Each percent of swing is 2.5ms. So if you increase to 51% swing, it's 127.5ms and 122.5ms between successive pairs of 26th notes. 55% swing (which is very distinct from 50% to my ears) is 137.5ms and 112.5ms.
I once recorded an album and had to deal with latency issues. This was way back using an IBM Aptiva and Magix music software (because it was pretty affordable). I spent so much time trying to figure out why my vocals were behind the beat. Eventually I worked out the correction factor to be 1.002433. So that's what I named the album!
Since then, I'm glad that latency problems are much less of a problem. Nothing worse than a little latency if you have ears like Donald Fagan. :-)
I wouldn't be able to build a substitute for a half decent brand-new manufactured keyboard for $88 if I got the parts for free. I've build some interesting musical keyboards but mostly because they had geometries that were non-standard and I'm still toying with the idea of making a complete action from scratch. But that's 'madman' territory, just as a challenge, not for cost savings.
Sorry I wasn't clear, I was think just the electronics at $1 per key. The action for the keyboard would cost more than that. In my alternate life I find a broken/disused KX-88 and rebuild its keyboard :-)
I repair DX-7's to keep them alive (usually three broken ones yield about two good ones and some spare bits), I can look for KX-88's while looking for DX-7s if you want.
I periodically search Craigslist for them and I've asked the local gear reseller (Starving Musician) to be on the eye out for a "dead" one. I seriously doubt having one shipped would be cost effective :-). There is a $50 one on Ebay in Illinois for local pickup.
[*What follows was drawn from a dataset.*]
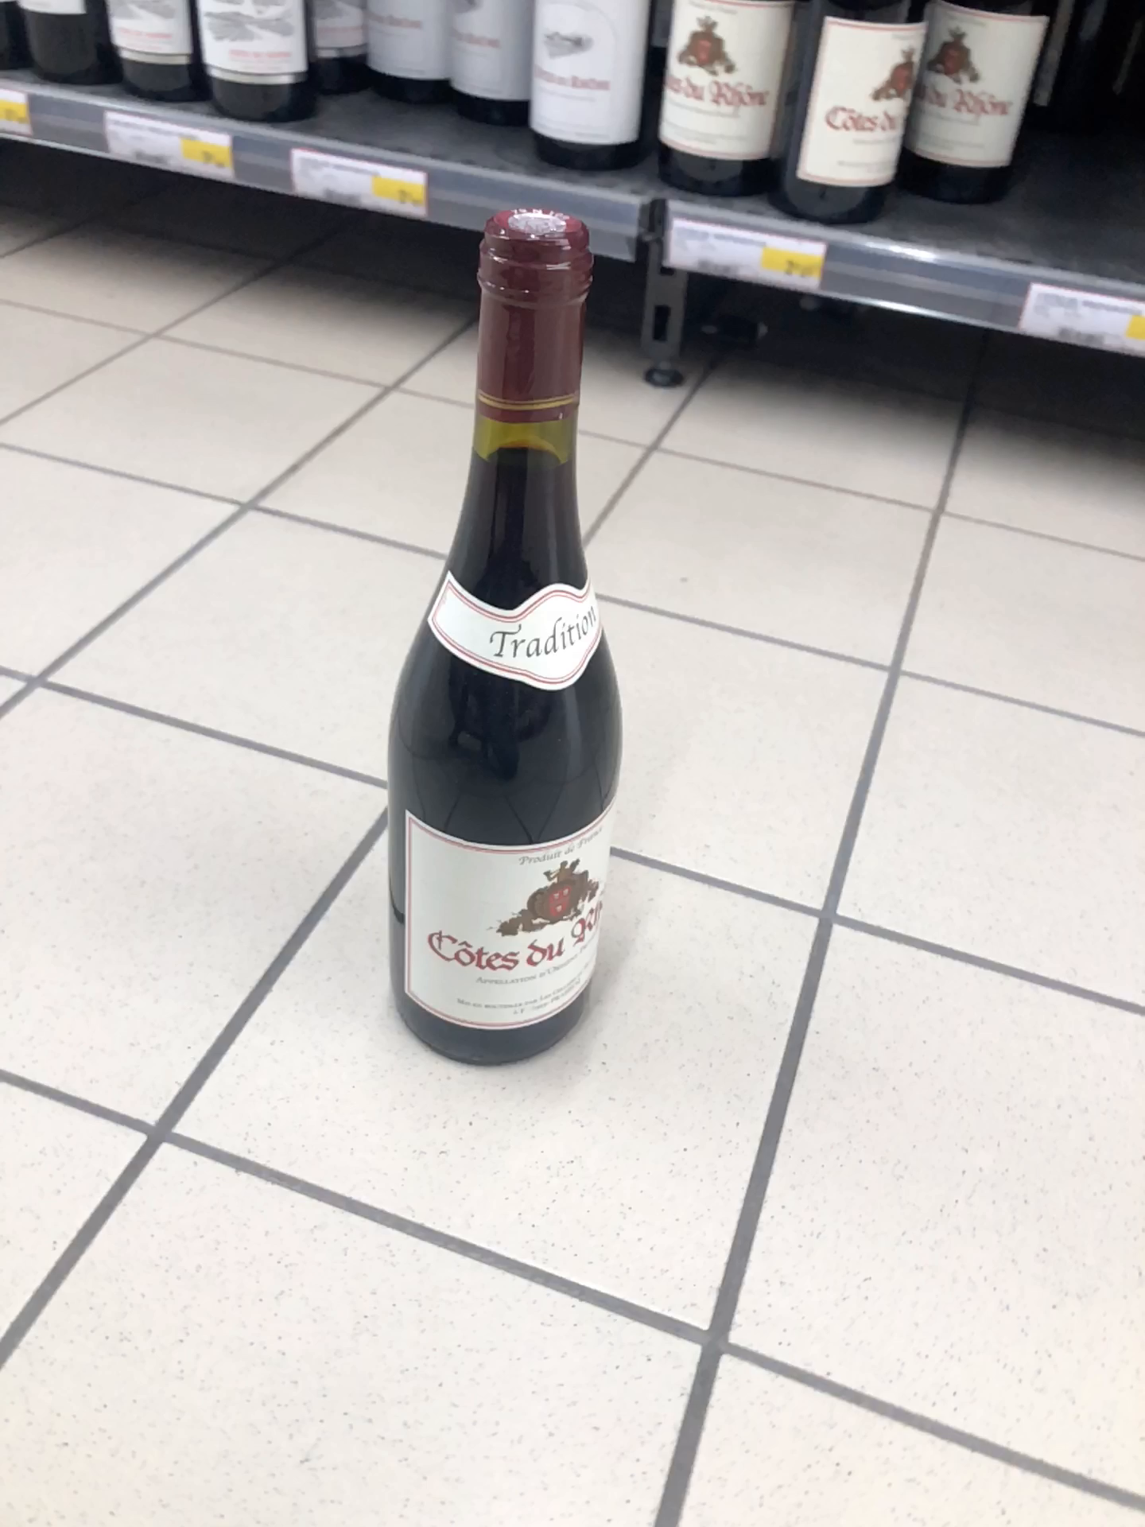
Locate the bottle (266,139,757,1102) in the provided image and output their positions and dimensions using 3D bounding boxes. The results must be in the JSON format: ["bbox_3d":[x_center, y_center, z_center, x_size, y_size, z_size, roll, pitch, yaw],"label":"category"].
[{"bbox_3d":[-0.027,-0.031,0.409,0.090,0.288,0.090,3,38,-3],"label":"bottle"}]

If I understood right, it's a DX7 synth running on bare metal on a Raspberry Pi, and the news is that they added the hardware / software to use it as a (device-side) USB device.
Which is very cool, but "USB Dongle" confused me a bit.
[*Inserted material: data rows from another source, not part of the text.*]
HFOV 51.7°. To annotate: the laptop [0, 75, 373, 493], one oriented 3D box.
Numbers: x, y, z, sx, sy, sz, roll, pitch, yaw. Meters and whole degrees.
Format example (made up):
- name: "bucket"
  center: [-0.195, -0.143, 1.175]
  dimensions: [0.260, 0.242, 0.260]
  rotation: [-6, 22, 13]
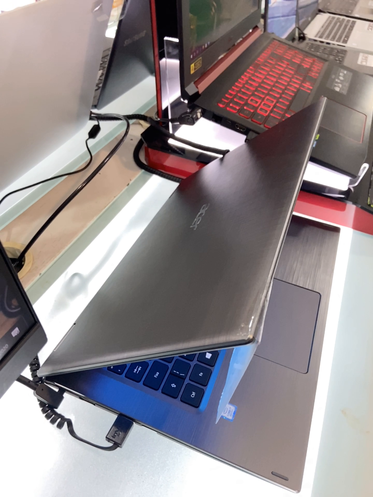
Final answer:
- name: "laptop"
  center: [0.044, -0.014, 0.366]
  dimensions: [0.218, 0.154, 0.330]
  rotation: [18, 44, 13]
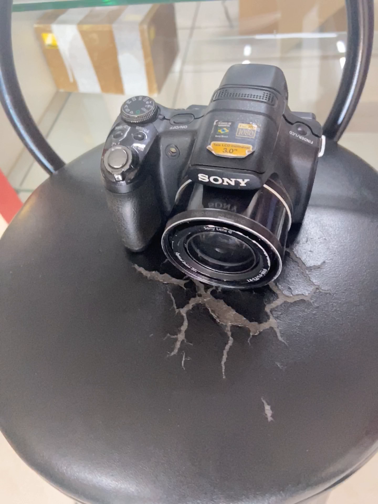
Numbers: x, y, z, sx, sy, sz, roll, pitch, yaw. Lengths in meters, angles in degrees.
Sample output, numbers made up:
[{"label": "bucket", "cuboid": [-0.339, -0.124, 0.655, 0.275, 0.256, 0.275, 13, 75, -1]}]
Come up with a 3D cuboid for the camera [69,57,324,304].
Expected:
[{"label": "camera", "cuboid": [0.013, -0.043, 0.221, 0.100, 0.080, 0.100, 9, 54, 15]}]
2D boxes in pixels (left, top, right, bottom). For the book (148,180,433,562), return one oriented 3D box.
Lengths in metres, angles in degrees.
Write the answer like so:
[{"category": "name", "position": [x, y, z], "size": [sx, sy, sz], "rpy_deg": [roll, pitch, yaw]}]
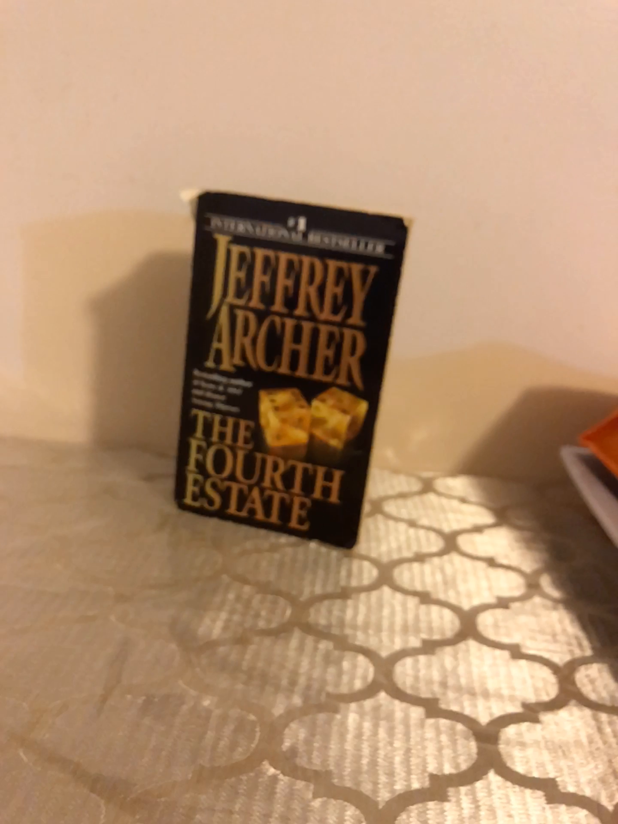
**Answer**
[{"category": "book", "position": [-0.011, -0.024, 0.366], "size": [0.120, 0.169, 0.060], "rpy_deg": [10, 16, 12]}]
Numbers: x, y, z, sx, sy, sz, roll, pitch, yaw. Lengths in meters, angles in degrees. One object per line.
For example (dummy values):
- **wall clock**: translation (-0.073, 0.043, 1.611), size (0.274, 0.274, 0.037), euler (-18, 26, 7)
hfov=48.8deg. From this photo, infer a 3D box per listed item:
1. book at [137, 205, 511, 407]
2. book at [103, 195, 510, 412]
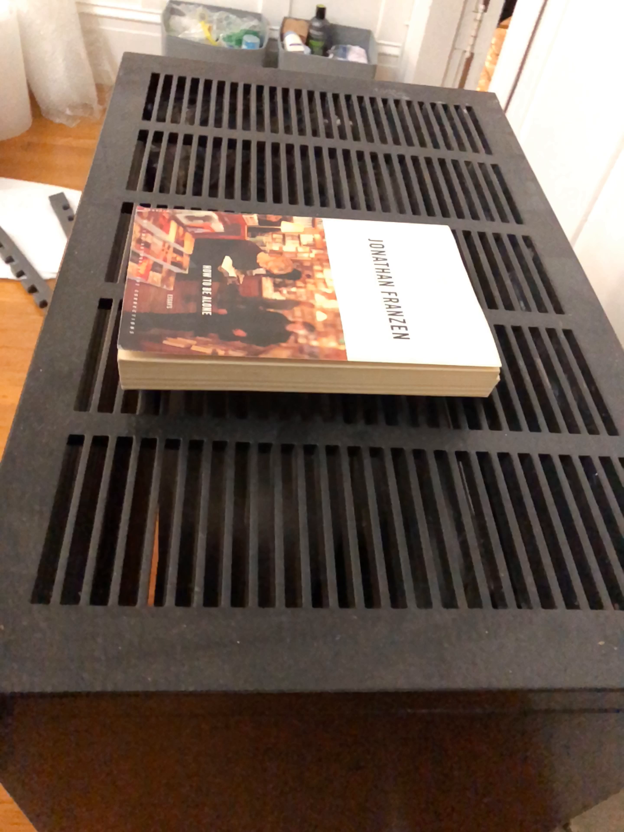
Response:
- **book**: translation (0.001, -0.073, 0.439), size (0.210, 0.030, 0.151), euler (1, 48, -10)
- **book**: translation (-0.007, -0.070, 0.410), size (0.210, 0.030, 0.151), euler (1, 48, -10)

The article uses a raspberry pi zero to be pendantic, but it seems to support any pi.
I was researching using the Pi Pico for FM synthesis recently, it turns out it isn't powerful enough to do more than about 3 voices of 6-operator FM due to having no fpu.
If you're in Europe and want an actual DX7 I still have one that has been doing nothing for the last 12 months because I'm too busy with the piano. But Dexed is pretty much bit-for-bit perfect so if nostalgia isn't your thing you're better (and cheaper) off with Dexed.
Has Dexed improved since both OGS and EGS were reverse engineered?
It is a nice implementation of 6op FM synthesis compatible with DX SysEx dumps, but _i_ wouln't call it bit-perfect.
I believe that these days Dexed is the preferred environment for people who make presets that they're subsequently going to play on an actual DX7, it's that good.
For what it's worth, being "that good" is relatively easy for a DX7 compared to other synthesizers since it's a purely digital design and the algorithms (in the software, not FM sense) are pretty straightforward. It's not like emulating, say, an Ensoniq SQ-80, where you have to emulate analog filters which always involves a level of compromise and approximation.
I’d love to see one of these dexed-based devices designed with knobs to control the operators and envelopes. FM can create some gnarly sounds.
There are a few VST plugins (thinking of Plogue’s OPS7 and Reason’s Algorithm in particular) that can do this and I think you have a lot of control with the Korg Opsix but I don’t know if a Dexed/miniDexed design that does that.
I think the RX5 is an awesome drum machine. Made me see the value in old flagship instruments. The design logic is robust and nothing in the workflow lags.
Some things I buy more than once. I buy it. Don’t use it. Sell it.
Then find myself with the same problem and go through the same research and come to the same conclusion.
The net costs are just rent in my mind. Or the difference between getting a great deal and paying more than I might have. Or just money I spent on my hobby.